CrowdStrike, the cybersecurity company behind one of, if not the biggest IT outage in history, has explained how a bug led to a massive failure that affected 8.5 million Windows machines. The incident occurred after the company released an update to its malware software, Falcon Sensor, on July 19. The update, which included a problematic code snippet, caused machines to execute code that triggered an ‘out-of-bound memory read,’ resulting in critical boot failures and 8.5 million blue screens of death.
CrowdStrike’s Falcon Sensor uses ‘Sensor Content’ to define its capabilities. This software is updated with ‘Rapid Response Content’ designed to detect and collect information on new threats. Sensor Content relies on ‘Template Types,’ which are lines of code with pre-defined fields for threat detection engineers to use with Rapid Response Content. The new detection information is delivered in ‘Template Instances,’ which can change the software’s behavior, granting it improved detection, identification, and prevention capabilities.
In February 2024, CrowdStrike announced the ‘InterProcessCommunication (IPC) Template Type.’ On March 5, after passing testing, it was released as a Template Instance. Three additional IPC Template Instances were released between April 8 and April 24, followed by two more on July 19. One of these instances included the code that caused the widespread outage.

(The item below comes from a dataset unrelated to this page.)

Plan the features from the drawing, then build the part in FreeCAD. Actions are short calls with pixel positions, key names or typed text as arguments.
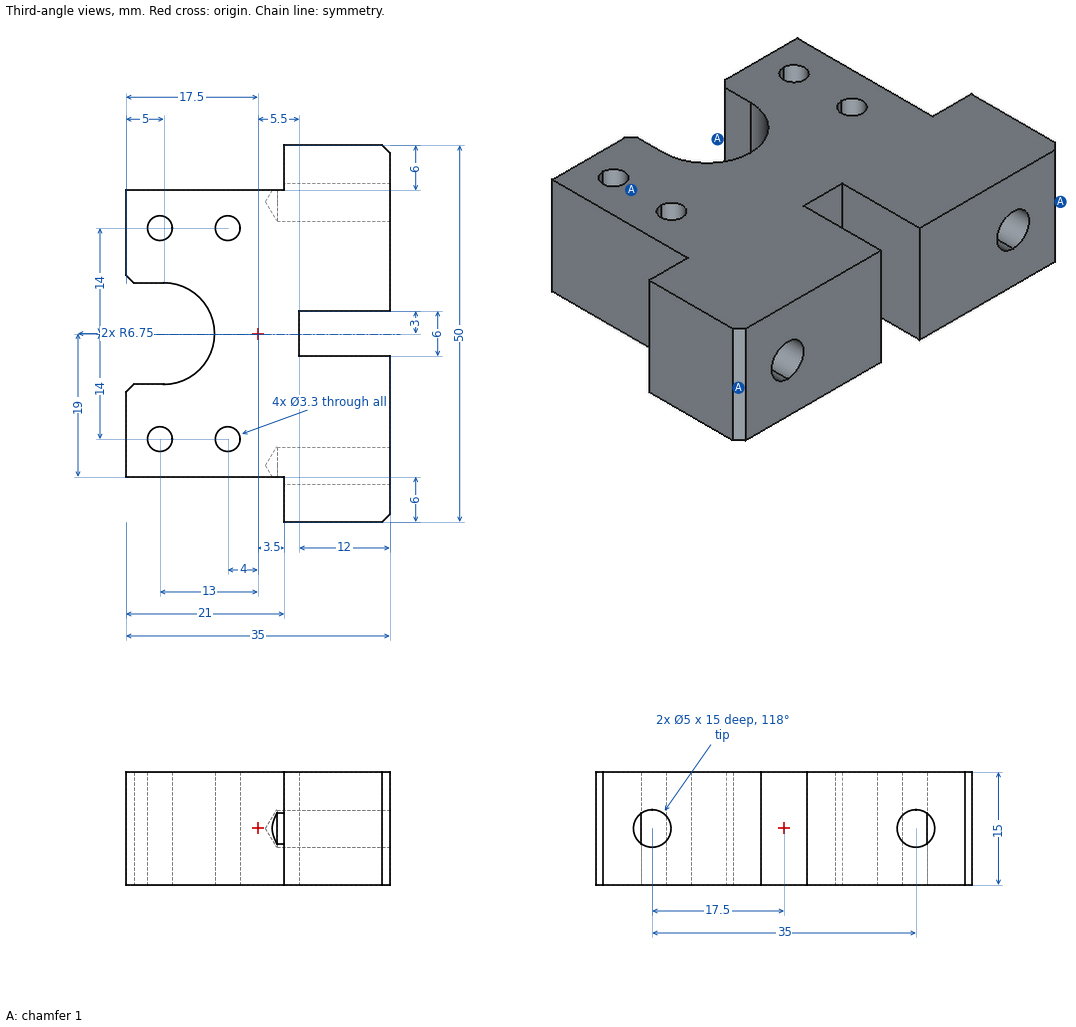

CrowdStrike has stated that the IPC Template Instance containing the problematic content data wasn’t picked up internally due to ‘a bug in the Content Validator.’ Unfortunately, the company hasn’t elaborated on the nature of the bug or what the Content Validator does. However, as the name suggests, the software is presumably responsible for validating content, looking for faults and errors within code. In this case, the Content Validator failed to identify the faulty data, leading to the widespread outage.
The outage impacted a wide range of organizations, including airlines, supermarkets, telecommunications companies, and emergency services, highlighting the severity of the bug and the consequences of such a widespread system failure. This incident serves as a reminder of the critical role that software testing plays in ensuring system stability and preventing potentially catastrophic outages.